The most common reason software projects go over budget isn't bad developers. It's under-specified requirements that force expensive rework mid-build.
A technical specification is a written agreement on what you're building before you build it. It sounds obvious. Most projects skip it anyway.
What a spec actually is
A specification isn't a 100-page waterfall document. A useful spec for most projects is 5–20 pages that answer:
- What problem are we solving? Stated in terms of user behavior, not features
- Who are the users? With enough specificity to make design decisions
- What does the system do? Functional requirements, edge cases, constraints
- How does it work? Data models, API contracts, integration points, auth flows
- What does it not do? Explicit scope boundaries are as important as scope inclusions
- How do we know it's working? Acceptance criteria for each major feature
The economics
A requirement change during specification costs an hour of discussion. The same change during development costs days of rework. The same change after launch can cost weeks and affect live users.

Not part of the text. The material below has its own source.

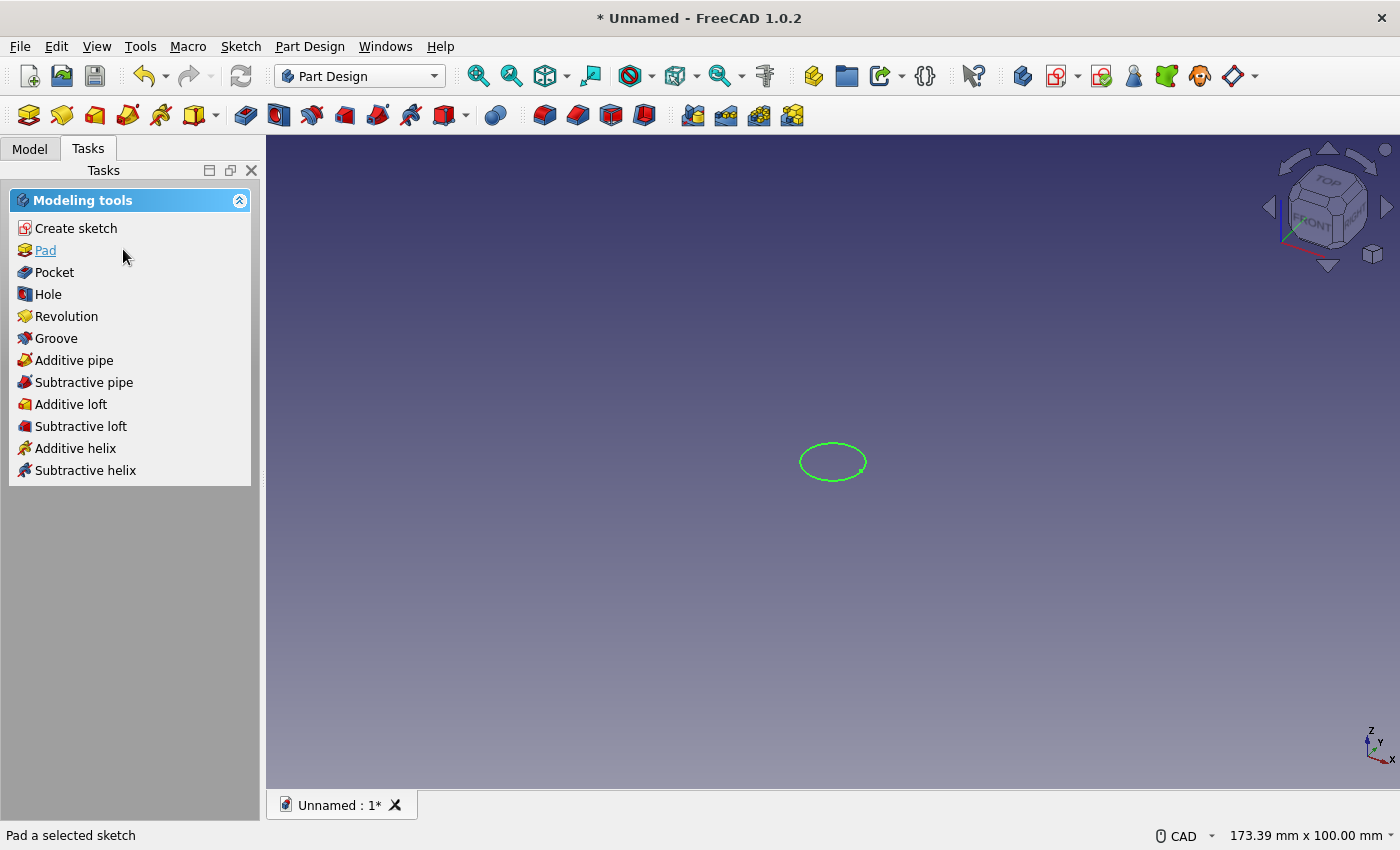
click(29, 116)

This is Boehm's Law, formalized in the 1970s and still empirically true. The cost of change compounds at every stage of development. Front-loading the hard decisions is the highest-leverage thing you can do before a project starts.
What makes a spec bad
Most specs that fail do so because they describe solutions instead of problems. "The system will have a dropdown with the following options" is a solution. "Users need to filter results by region to find relevant listings" is a problem. Solutions embedded too early in a spec lock in bad design decisions before anyone has written a line of code.

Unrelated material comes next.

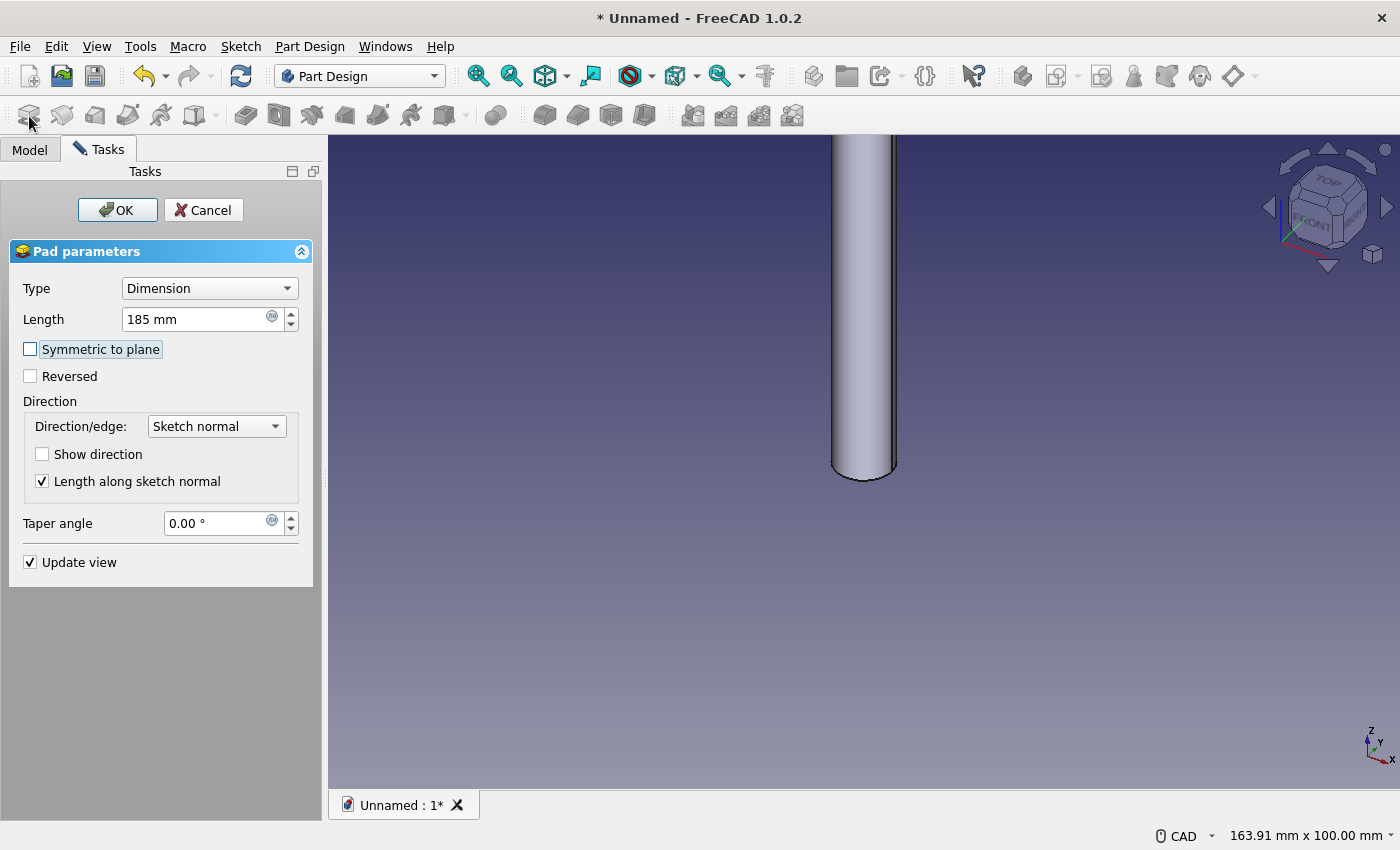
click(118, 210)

The other common failure: specs written by one person without developer input. The people who will build the system will catch ambiguities, technical constraints, and edge cases that no product owner anticipates alone.
The spec as contract
A finished specification serves as the baseline for project estimates, milestones, and change management. When a stakeholder asks for something new mid-project, the spec is the document you refer to. "That's not in scope — here's what is, and here's what adding it would cost."
Without a spec, every conversation about scope is a negotiation from scratch.
When to write one
Any project with more than one developer, more than two weeks of work, or more than one stakeholder needs a spec. Smaller projects benefit from even a one-page decision log.
The time it takes to write a good spec is always less than the time it saves.